Kenya to Ease Registration of Community Owned Conservancies

Maasai Mara 24 November 2023

Dr. Alfred Mutua, the Tourism and Wildlife Cabinet Secretary of Kenya, has announced plans to ease the process of registration of conservancies with umbrella conservancy associations and Kenya Wildlife Service (KWS) to make it easier for communities to get support from development partners.

“Privately run wildlife conservancy is a model that has worked well for Kenya and the government will support all initiatives critical in the running of established conservancies,” said the CS.

Wildlife conservation and community involvement in the venture has today marked a milestone with the Mara Wildlife Conservancy Association celebrating 10 years since its inception.

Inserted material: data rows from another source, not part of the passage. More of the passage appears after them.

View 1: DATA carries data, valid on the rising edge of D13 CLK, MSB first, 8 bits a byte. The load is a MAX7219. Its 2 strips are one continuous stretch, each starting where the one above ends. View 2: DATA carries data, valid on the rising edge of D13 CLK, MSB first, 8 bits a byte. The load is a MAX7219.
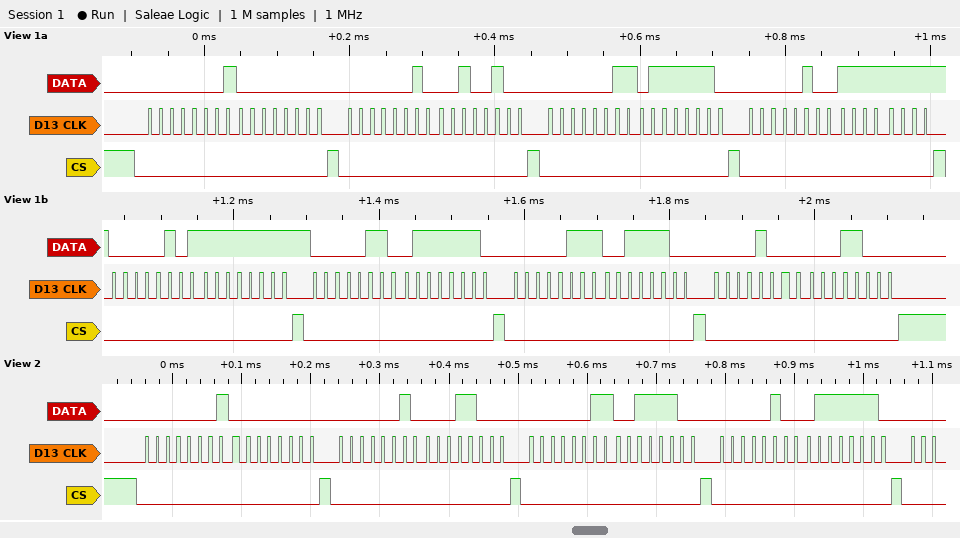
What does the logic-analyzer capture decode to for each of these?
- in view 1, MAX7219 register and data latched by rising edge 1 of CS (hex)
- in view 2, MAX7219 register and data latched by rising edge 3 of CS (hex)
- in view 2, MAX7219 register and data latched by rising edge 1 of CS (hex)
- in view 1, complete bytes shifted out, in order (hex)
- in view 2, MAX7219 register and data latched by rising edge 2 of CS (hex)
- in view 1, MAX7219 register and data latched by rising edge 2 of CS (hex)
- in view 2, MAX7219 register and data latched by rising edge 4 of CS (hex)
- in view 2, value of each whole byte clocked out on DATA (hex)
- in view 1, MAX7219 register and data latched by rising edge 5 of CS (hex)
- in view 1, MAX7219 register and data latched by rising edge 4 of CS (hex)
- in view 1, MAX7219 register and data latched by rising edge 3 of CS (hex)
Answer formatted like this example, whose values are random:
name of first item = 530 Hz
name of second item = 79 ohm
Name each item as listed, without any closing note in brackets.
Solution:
in view 1, MAX7219 register and data latched by rising edge 1 of CS = register 0x1, data 0x00
in view 2, MAX7219 register and data latched by rising edge 3 of CS = register 0x3, data 0x3C
in view 2, MAX7219 register and data latched by rising edge 1 of CS = register 0x1, data 0x00
in view 1, complete bytes shifted out, in order = 0x01 0x00 0x02 0x24 0x03 0x7E 0x04 0xFF 0x05 0xFF 0x06 0x7E 0x07 0x3C 0x08 0x18
in view 2, MAX7219 register and data latched by rising edge 2 of CS = register 0x2, data 0x18
in view 1, MAX7219 register and data latched by rising edge 2 of CS = register 0x2, data 0x24
in view 2, MAX7219 register and data latched by rising edge 4 of CS = register 0x4, data 0x7E
in view 2, value of each whole byte clocked out on DATA = 0x01 0x00 0x02 0x18 0x03 0x3C 0x04 0x7E
in view 1, MAX7219 register and data latched by rising edge 5 of CS = register 0x5, data 0xFF
in view 1, MAX7219 register and data latched by rising edge 4 of CS = register 0x4, data 0xFF
in view 1, MAX7219 register and data latched by rising edge 3 of CS = register 0x3, data 0x7E
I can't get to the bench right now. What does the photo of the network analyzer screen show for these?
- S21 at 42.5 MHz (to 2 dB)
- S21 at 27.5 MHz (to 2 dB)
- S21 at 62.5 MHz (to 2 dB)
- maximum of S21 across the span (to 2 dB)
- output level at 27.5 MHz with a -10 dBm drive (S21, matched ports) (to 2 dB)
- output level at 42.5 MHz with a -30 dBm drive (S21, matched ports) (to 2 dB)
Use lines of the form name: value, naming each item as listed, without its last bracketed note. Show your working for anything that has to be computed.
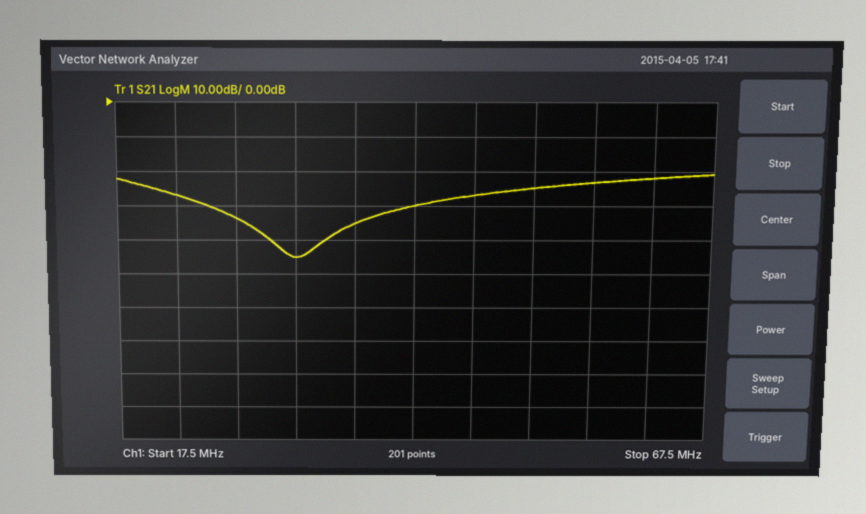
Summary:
S21 at 42.5 MHz: -30 dB
S21 at 27.5 MHz: -34 dB
S21 at 62.5 MHz: -22 dB
maximum of S21 across the span: -20 dB
output level at 27.5 MHz with a -10 dBm drive (S21, matched ports): -10 dBm + (-34 dB) = -44 dBm
output level at 42.5 MHz with a -30 dBm drive (S21, matched ports): -30 dBm + (-30 dB) = -60 dBm
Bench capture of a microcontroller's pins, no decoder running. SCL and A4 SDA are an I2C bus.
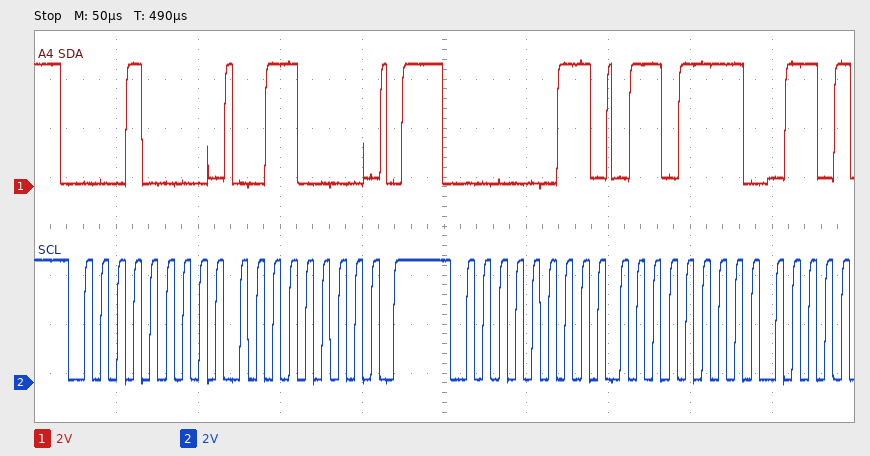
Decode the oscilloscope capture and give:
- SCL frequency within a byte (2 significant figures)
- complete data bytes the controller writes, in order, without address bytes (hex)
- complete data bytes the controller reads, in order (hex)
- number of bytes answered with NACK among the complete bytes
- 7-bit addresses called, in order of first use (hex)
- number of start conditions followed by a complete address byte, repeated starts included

100 kHz
30
6F
0
0x08 0x01
2
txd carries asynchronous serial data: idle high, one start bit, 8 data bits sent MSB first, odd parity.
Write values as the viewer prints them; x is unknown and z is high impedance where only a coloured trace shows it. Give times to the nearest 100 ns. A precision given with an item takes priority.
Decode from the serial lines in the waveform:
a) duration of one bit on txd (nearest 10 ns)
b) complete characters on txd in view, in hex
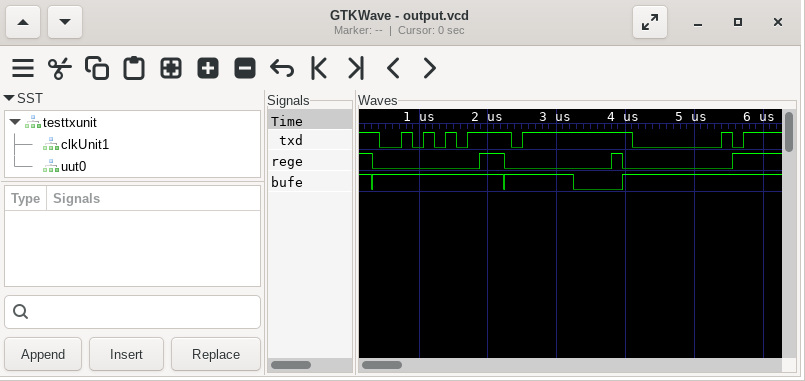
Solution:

The association brings together 24 conservancies in the Mara and it’s a corner-stone in bridging the gap and creating greater collaboration between communities and conservation groups.

The CS spoke of the paradise that is Maasai Mara and called for concerted efforts to preserve this heritage. “In the beginning, God created the heavens and the earth…He then created Kenya: the majestic mountains and hills the meandering rivers, the glorious lakes, the vast plains of Tsavo, Samburu, Turkana.  And then He created the Maasai Mara and with that, He looked at His work and saw that it was not just good, but excellent and He knew He had done well. And then He realized something was missing. Ah, He then created the Maasai and knew His work was done. He had created paradise,” the CS told a cheering audience.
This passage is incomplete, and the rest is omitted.